¡Ay, casa!
Los fantasmas que me habitan son los mismos que pulen tus baldosas. Juegan enredados entre tus helechos, tiernos como aliento de ángeles, armados de esqueletos negros como ramas de coral, firmes como un beso, desconcertantes como plumas de avestruz… Helechos. Las malangas trepando la tapia, anulándola con verdes, implacables como alitas de libélula, dulces como caimitos, vibrantes como el zun zun que se alimenta de tus buganvillas siempre a las tres de la tarde.
La tarde…
Tus duendes juegan con lagartos que cambian de color. ¡Colores! Cálidos del amarillo al naranja. El sofoco del mediodia, la siesta de los mimbres y las limonadas con hielo.
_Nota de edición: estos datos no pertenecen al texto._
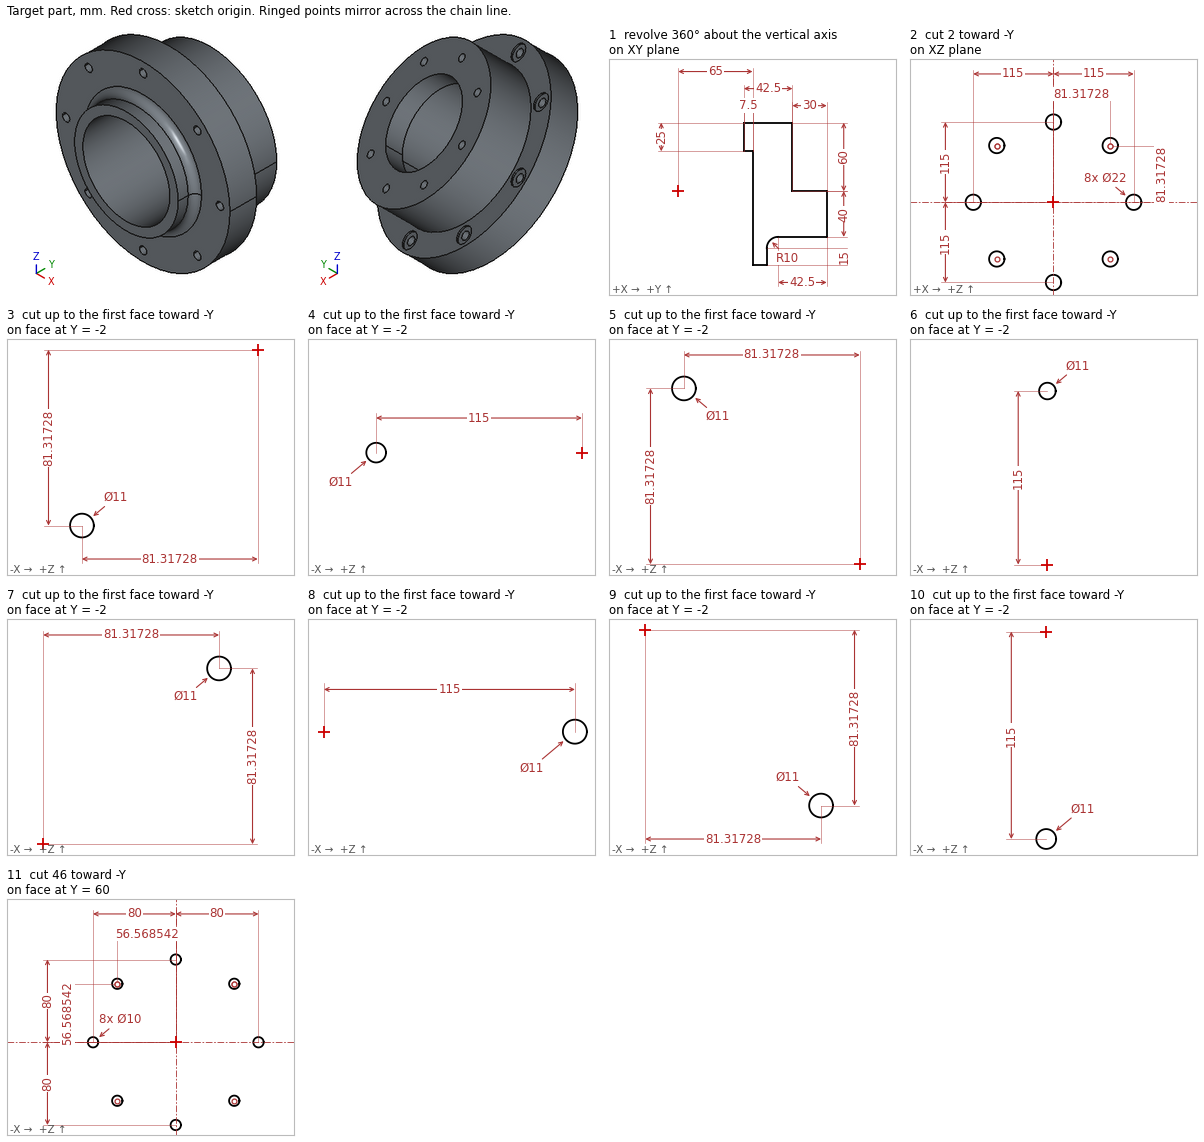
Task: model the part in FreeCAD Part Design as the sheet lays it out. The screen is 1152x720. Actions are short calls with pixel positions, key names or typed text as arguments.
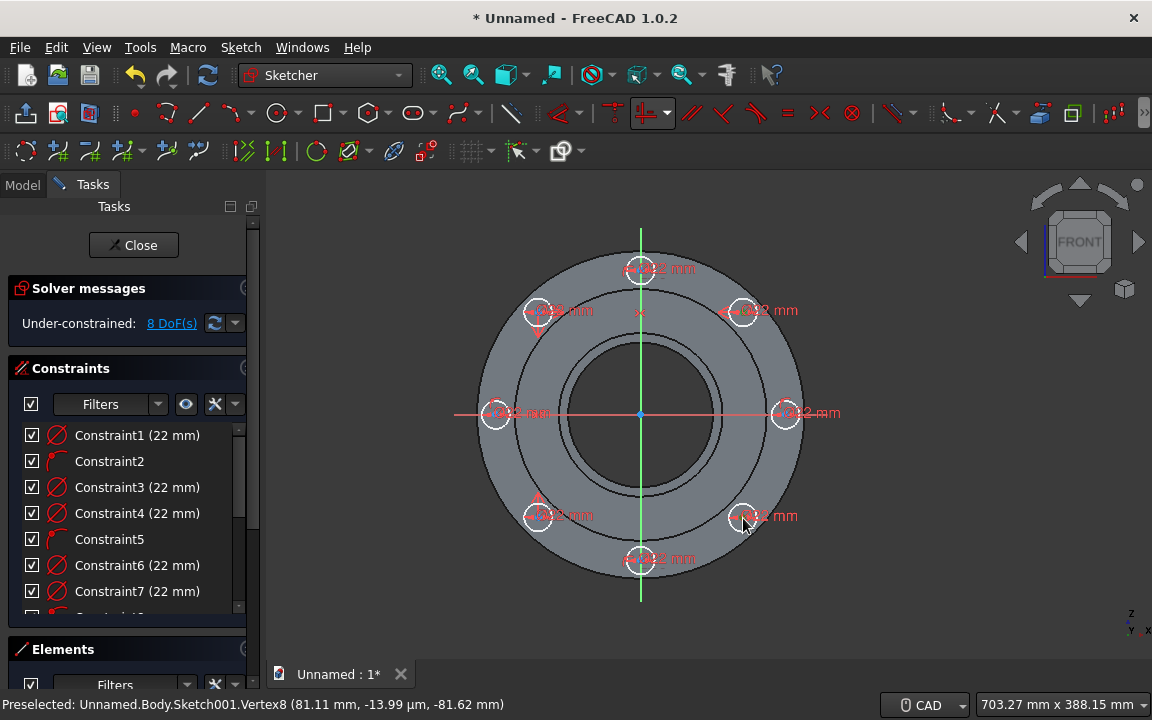
click(591, 415)
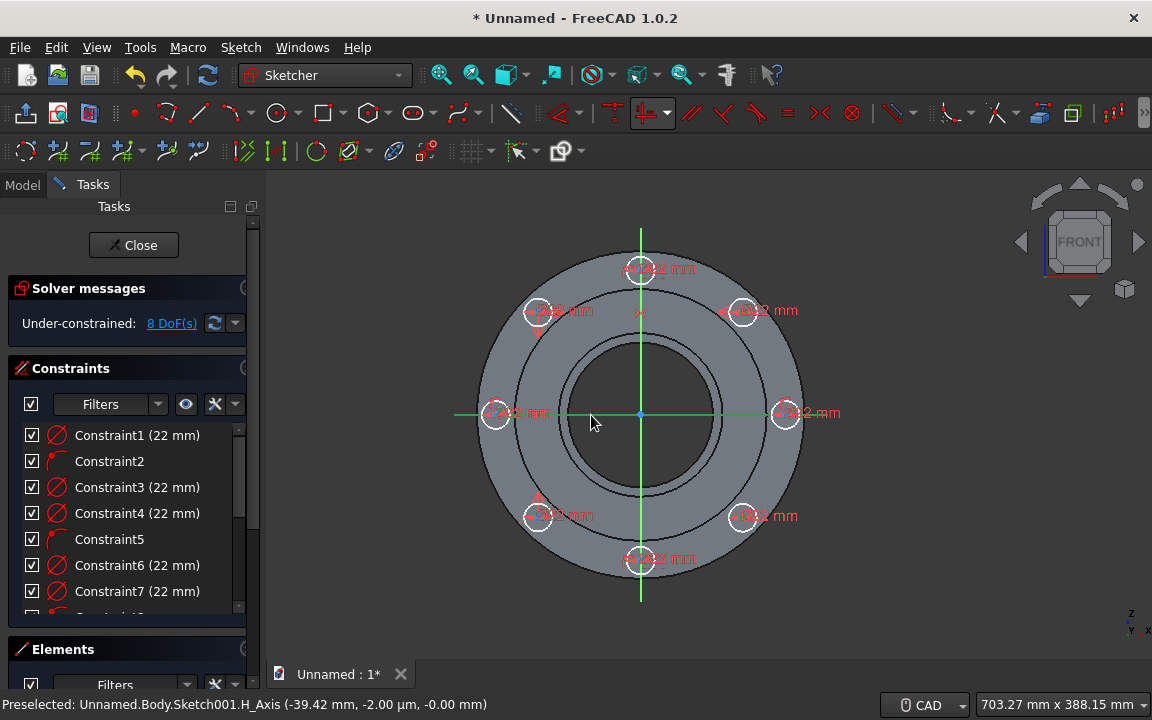
click(820, 114)
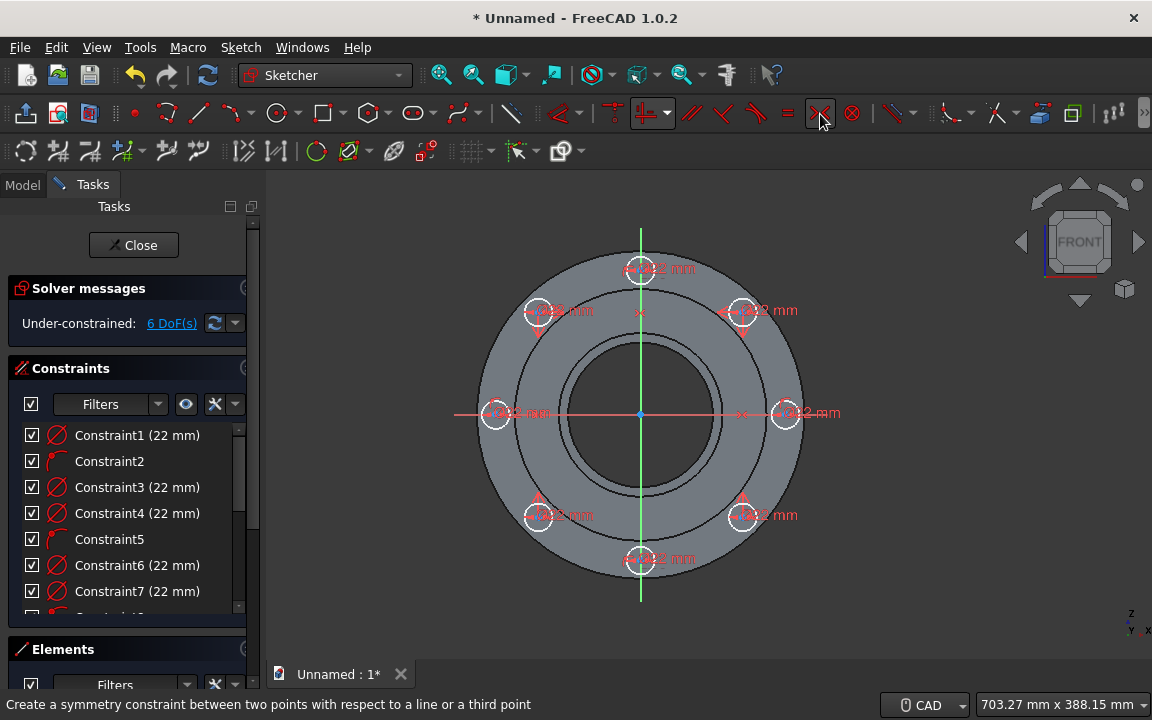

No, el hielo, no, no me lo recuerdes. Mejor miéntame el bochorno que te blanquea los ladrillos con un ritmo de tambores y mangos, claves y sudor.
Miénteme. Duérmeme con recuerdos. Acúname con mariposas, cocuyos, tejas color sangre, vitrales, guitarra y bongó, con la voz de mi madre y las carcajadas de mi padre. Tu puedes, tus paredes se descascaran, mas tus cimientos son fuertes, están fundidos con clorofila y jugo de guayabas, con gemidos de orgasmos y malas palabras, con rebeldía e improperios, con hambres y rumbas.
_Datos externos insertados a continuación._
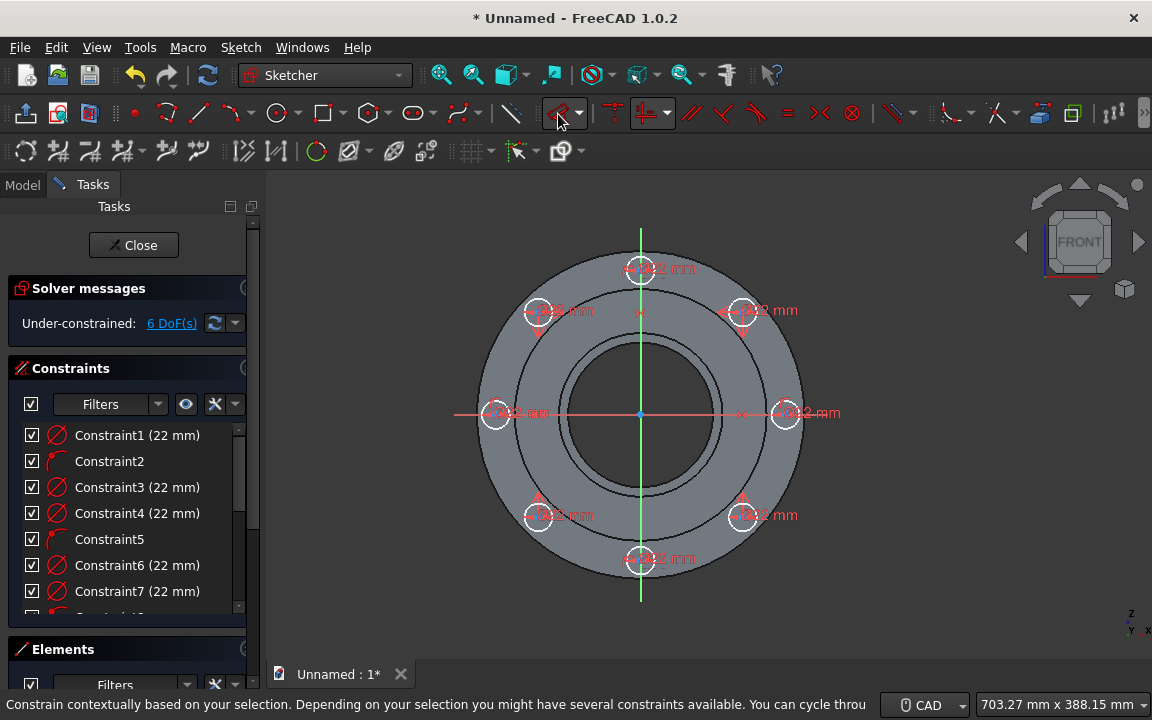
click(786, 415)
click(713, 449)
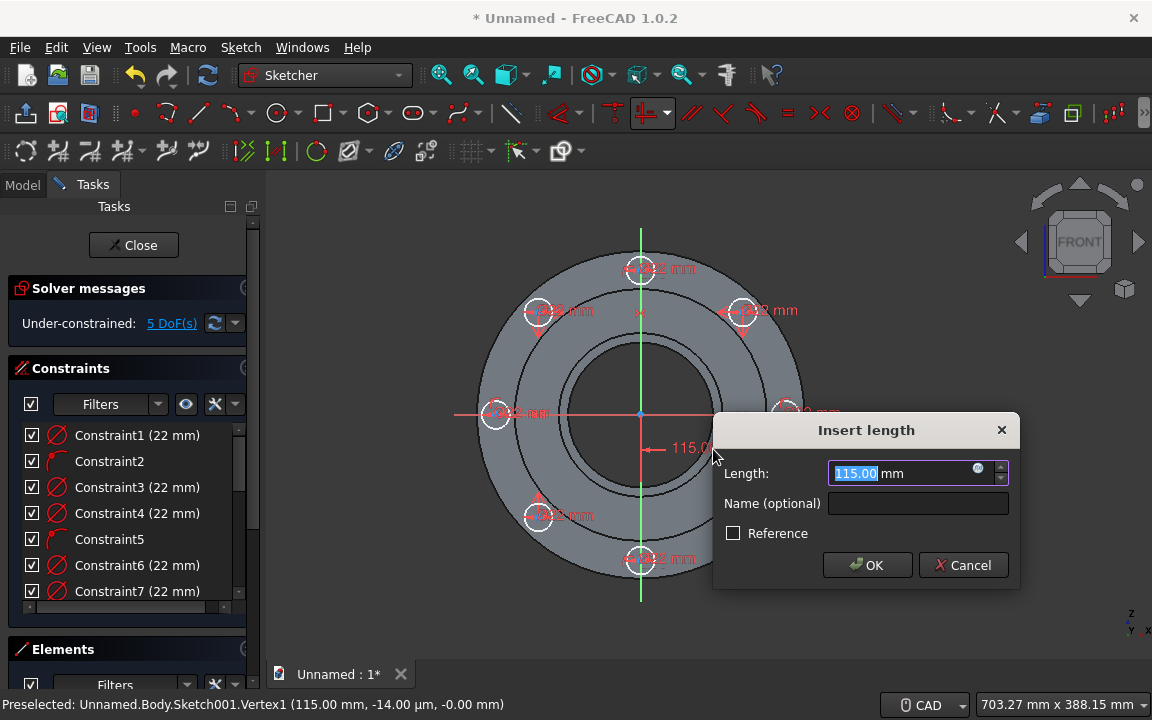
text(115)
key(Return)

¡Los colores, ay, casa! ¡Despiértalos! Están durmiendo en el blanco. Regálame un prisma que los desmenuze en azules, amarillos y rojos, que le arranque a los cristales los violetas y los naranjas. Están allí, lo sé. Haciéndole camino a las bicicletas presas, a los bancos de parque desilusionados, a las hierbas insultadas por la mentira del invierno…
Solo tú puedes desnudarlos de nieve y muerte.